§ Task prompt
This exercise asks for every line of the material that includes the word "Horizontal".

§ Data
+---+
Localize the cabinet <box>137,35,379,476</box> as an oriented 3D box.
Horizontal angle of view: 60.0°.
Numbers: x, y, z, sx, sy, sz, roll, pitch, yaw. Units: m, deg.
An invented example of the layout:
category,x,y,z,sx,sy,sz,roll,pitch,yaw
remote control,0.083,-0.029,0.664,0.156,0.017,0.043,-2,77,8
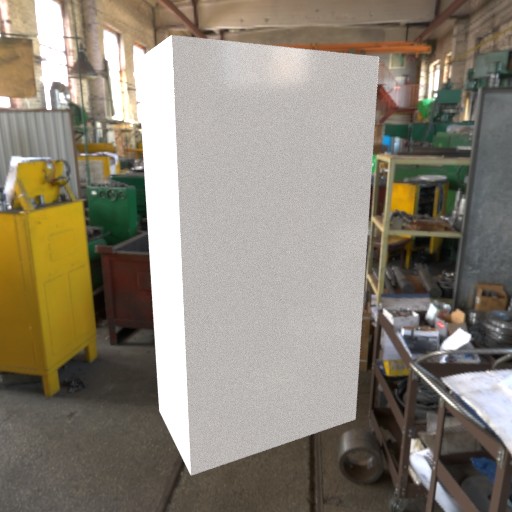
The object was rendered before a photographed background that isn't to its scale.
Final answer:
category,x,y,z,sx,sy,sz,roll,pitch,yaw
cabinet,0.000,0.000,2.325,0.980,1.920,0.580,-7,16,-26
+---+
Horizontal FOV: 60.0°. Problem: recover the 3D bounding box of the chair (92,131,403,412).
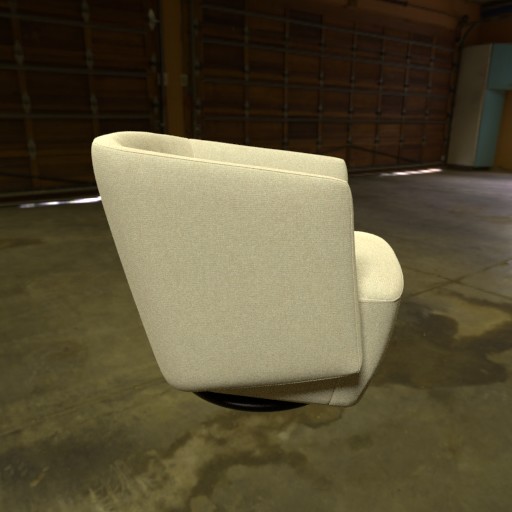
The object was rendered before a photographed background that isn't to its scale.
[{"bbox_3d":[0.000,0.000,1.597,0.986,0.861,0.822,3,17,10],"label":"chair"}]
+---+
§ The completed task
Horizontal angle of view: 60.0°.
Horizontal FOV: 60.0°. Problem: recover the 3D bounding box of the chair (92,131,403,412).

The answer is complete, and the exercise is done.